--- Material to process ---

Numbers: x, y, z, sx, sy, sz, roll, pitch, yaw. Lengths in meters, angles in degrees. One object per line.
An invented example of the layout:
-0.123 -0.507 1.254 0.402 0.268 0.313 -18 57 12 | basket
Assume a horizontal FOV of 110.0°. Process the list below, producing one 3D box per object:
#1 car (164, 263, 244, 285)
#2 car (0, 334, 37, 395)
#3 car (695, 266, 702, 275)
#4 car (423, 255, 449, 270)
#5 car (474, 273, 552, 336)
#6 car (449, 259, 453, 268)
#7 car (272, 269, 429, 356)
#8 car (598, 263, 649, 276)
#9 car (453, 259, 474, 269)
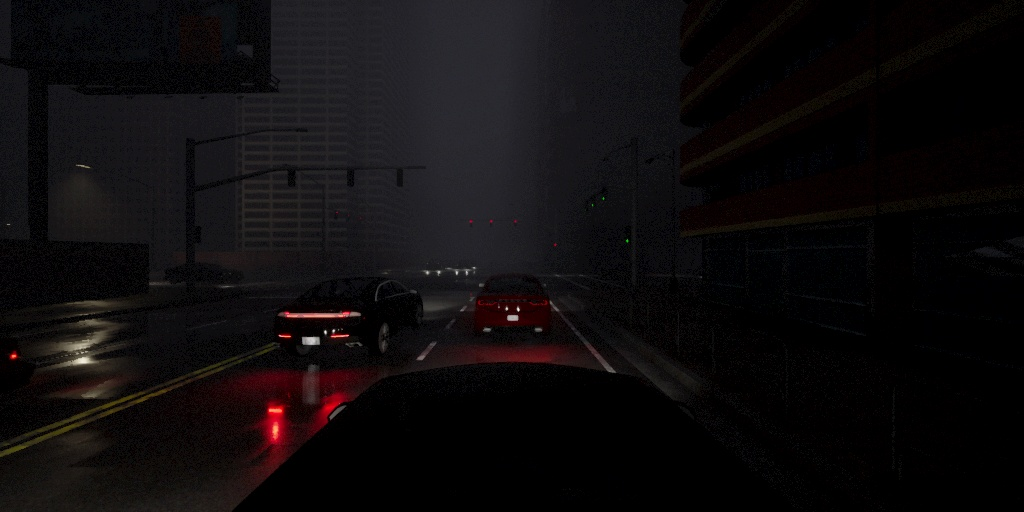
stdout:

---

Task directions — Check the data above and report how many lines include the word "object", using a bare number.

Solution for this exercise — 2